PROBLEM REQUIREMENTS
Nothing in the data should change when you return it, but leave the pictures out.

AVAILABLE DATA
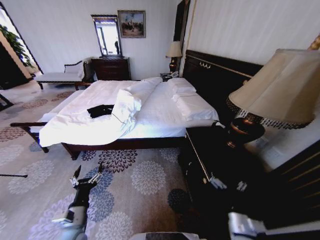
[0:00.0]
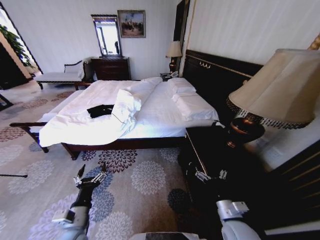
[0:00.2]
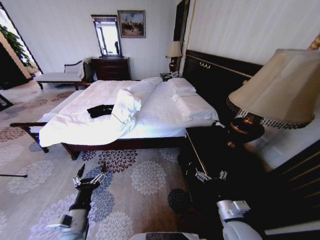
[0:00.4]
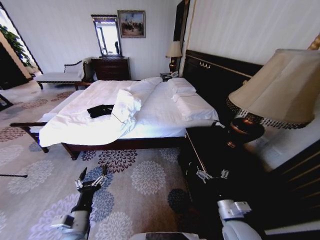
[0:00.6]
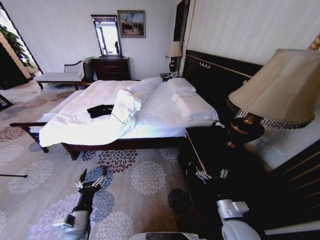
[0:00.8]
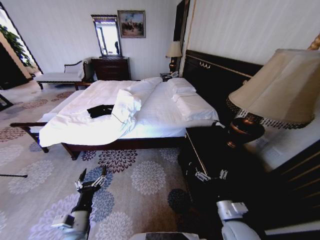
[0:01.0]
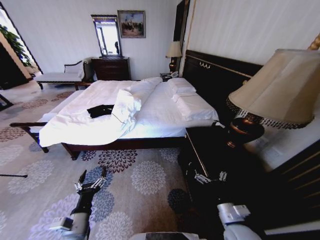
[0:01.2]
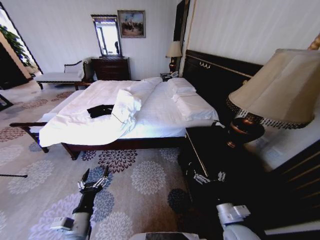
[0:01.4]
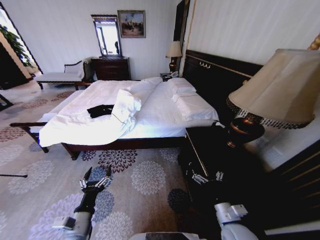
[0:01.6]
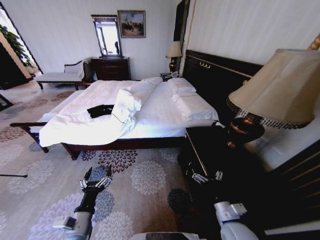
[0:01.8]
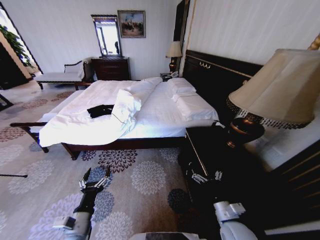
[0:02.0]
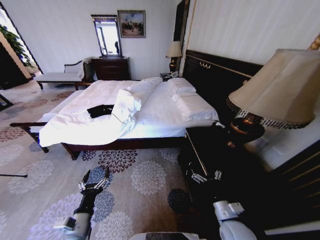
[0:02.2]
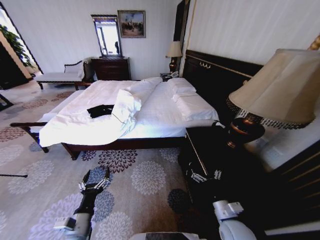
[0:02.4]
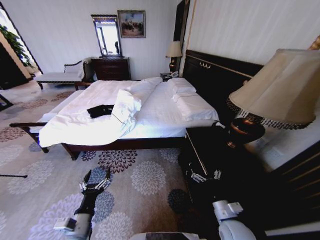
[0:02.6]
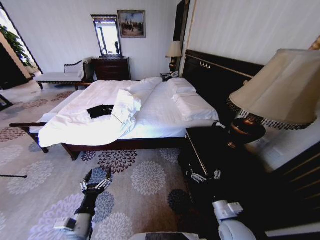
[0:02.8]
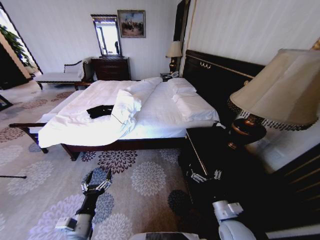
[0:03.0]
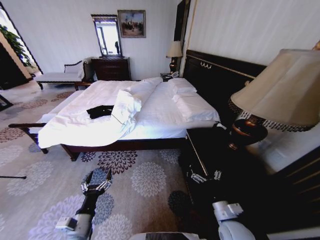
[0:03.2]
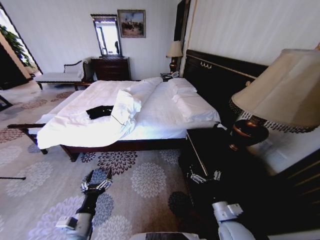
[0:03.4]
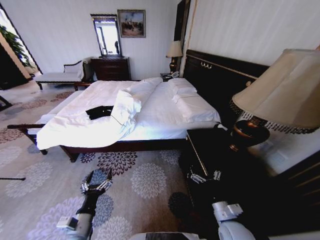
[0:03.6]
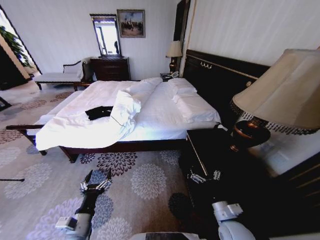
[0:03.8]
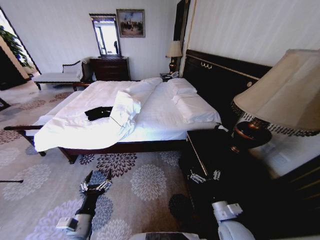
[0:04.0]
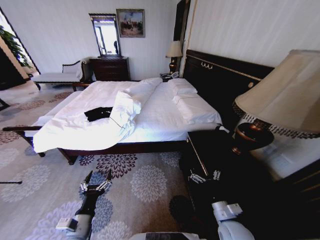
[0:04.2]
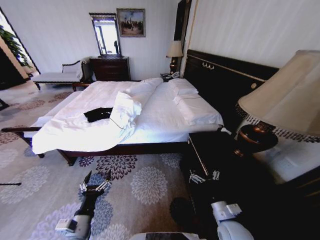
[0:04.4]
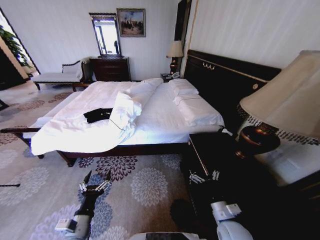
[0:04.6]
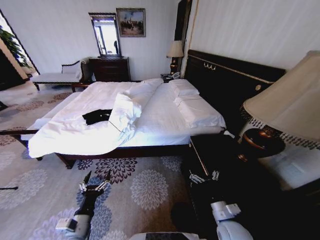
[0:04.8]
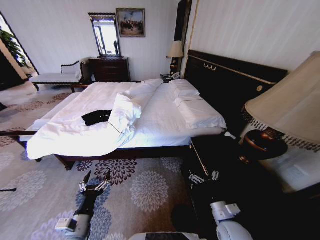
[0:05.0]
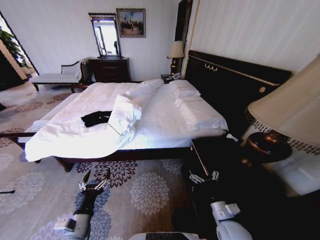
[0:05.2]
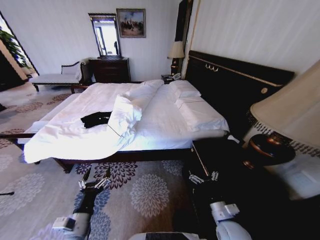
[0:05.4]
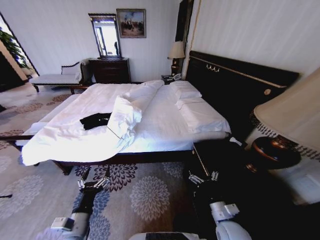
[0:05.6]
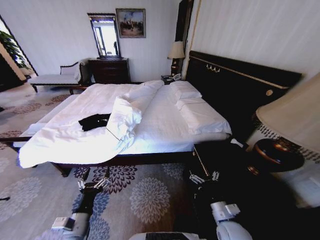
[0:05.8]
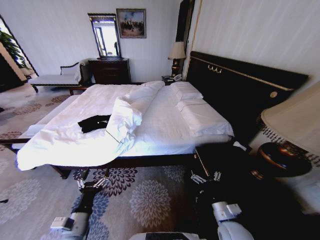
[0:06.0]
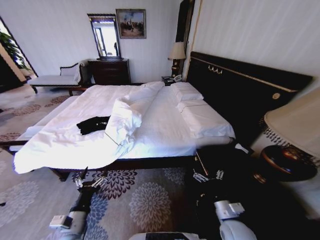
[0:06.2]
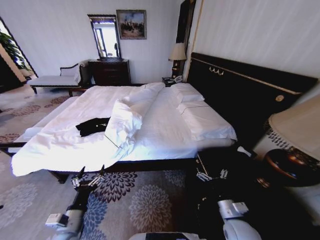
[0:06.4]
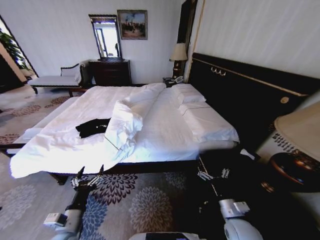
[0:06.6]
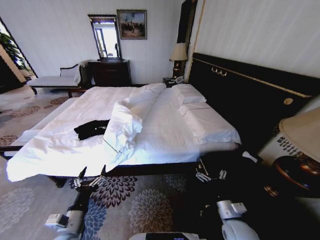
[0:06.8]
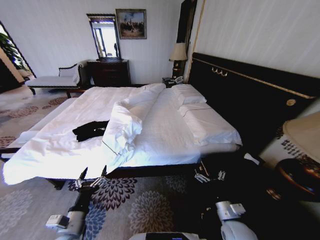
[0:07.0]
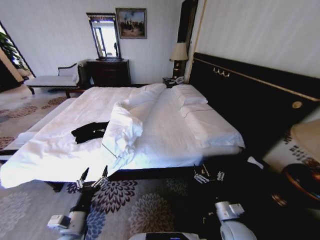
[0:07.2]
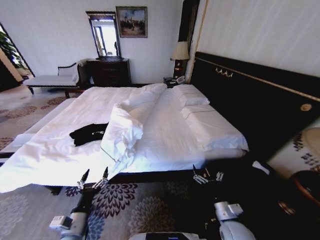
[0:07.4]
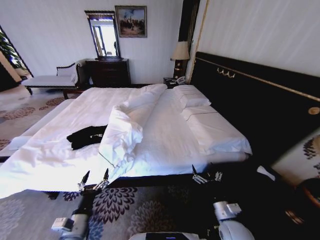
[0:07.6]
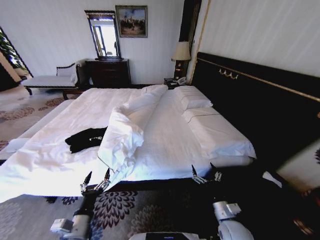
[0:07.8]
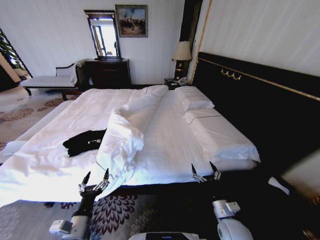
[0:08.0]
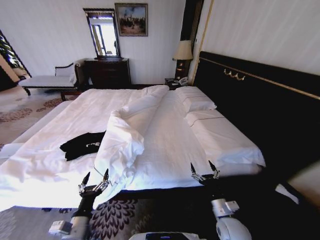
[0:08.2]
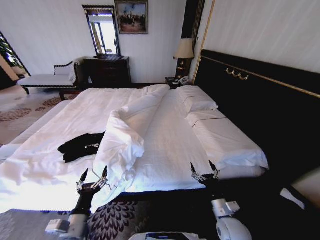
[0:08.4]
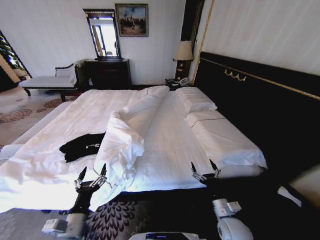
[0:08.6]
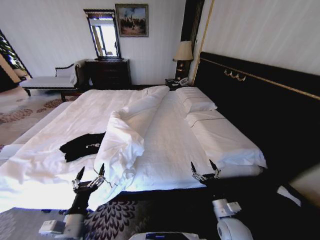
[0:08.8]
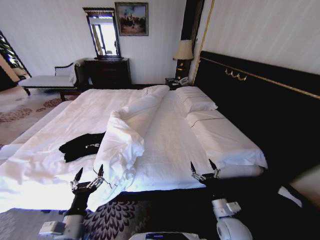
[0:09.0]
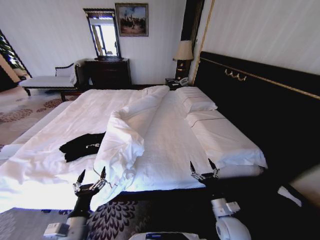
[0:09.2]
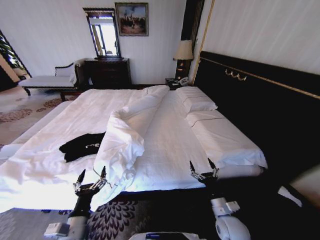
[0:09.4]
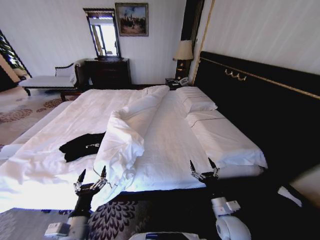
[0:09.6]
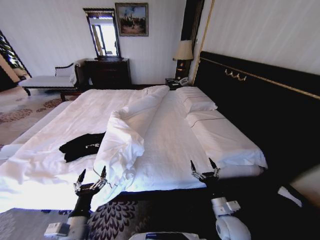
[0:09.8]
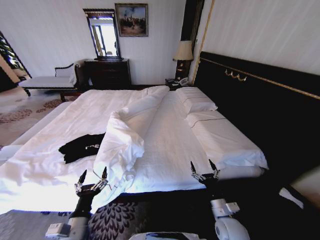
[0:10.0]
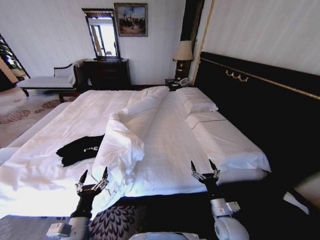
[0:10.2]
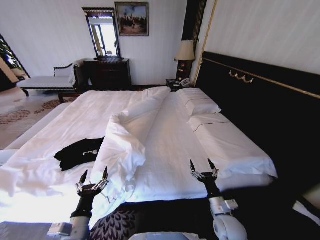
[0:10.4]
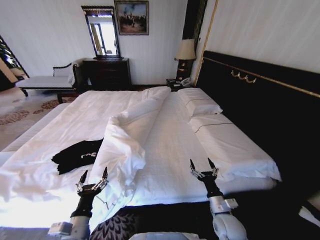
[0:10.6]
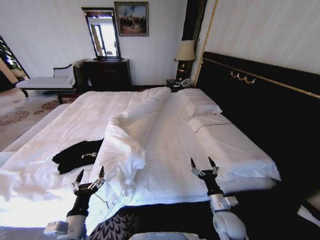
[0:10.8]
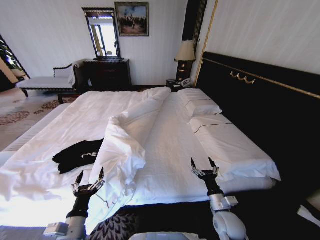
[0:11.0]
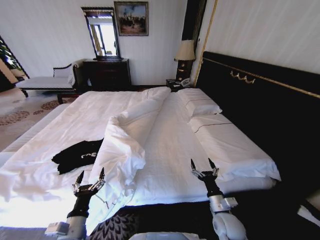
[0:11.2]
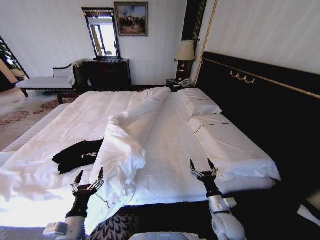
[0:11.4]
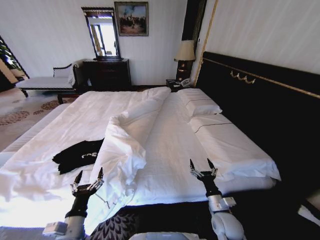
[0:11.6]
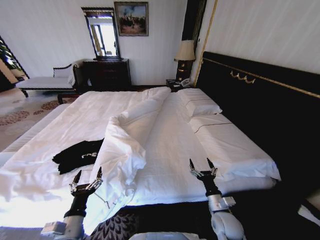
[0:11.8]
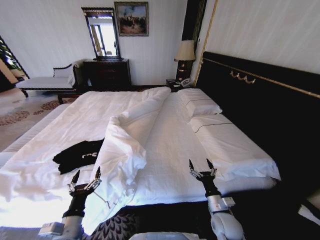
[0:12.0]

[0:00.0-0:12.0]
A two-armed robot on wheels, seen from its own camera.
Task of the whole recording: Fold the clothes on the bed.
0:01.6 to 0:03.0: The grippers move only a little.
0:10.4 to 0:12.0: The grippers make only small movements.

RESPONSE BOX
[0:00.0]
[0:00.2]
[0:00.4]
[0:00.6]
[0:00.8]
[0:01.0]
[0:01.2]
[0:01.4]
[0:01.6]
[0:01.8]
[0:02.0]
[0:02.2]
[0:02.4]
[0:02.6]
[0:02.8]
[0:03.0]
[0:03.2]
[0:03.4]
[0:03.6]
[0:03.8]
[0:04.0]
[0:04.2]
[0:04.4]
[0:04.6]
[0:04.8]
[0:05.0]
[0:05.2]
[0:05.4]
[0:05.6]
[0:05.8]
[0:06.0]
[0:06.2]
[0:06.4]
[0:06.6]
[0:06.8]
[0:07.0]
[0:07.2]
[0:07.4]
[0:07.6]
[0:07.8]
[0:08.0]
[0:08.2]
[0:08.4]
[0:08.6]
[0:08.8]
[0:09.0]
[0:09.2]
[0:09.4]
[0:09.6]
[0:09.8]
[0:10.0]
[0:10.2]
[0:10.4]
[0:10.6]
[0:10.8]
[0:11.0]
[0:11.2]
[0:11.4]
[0:11.6]
[0:11.8]
[0:12.0]

[0:00.0-0:12.0]
A two-armed robot on wheels, seen from its own camera.
Task of the whole recording: Fold the clothes on the bed.
0:01.6 to 0:03.0: The grippers move only a little.
0:10.4 to 0:12.0: The grippers make only small movements.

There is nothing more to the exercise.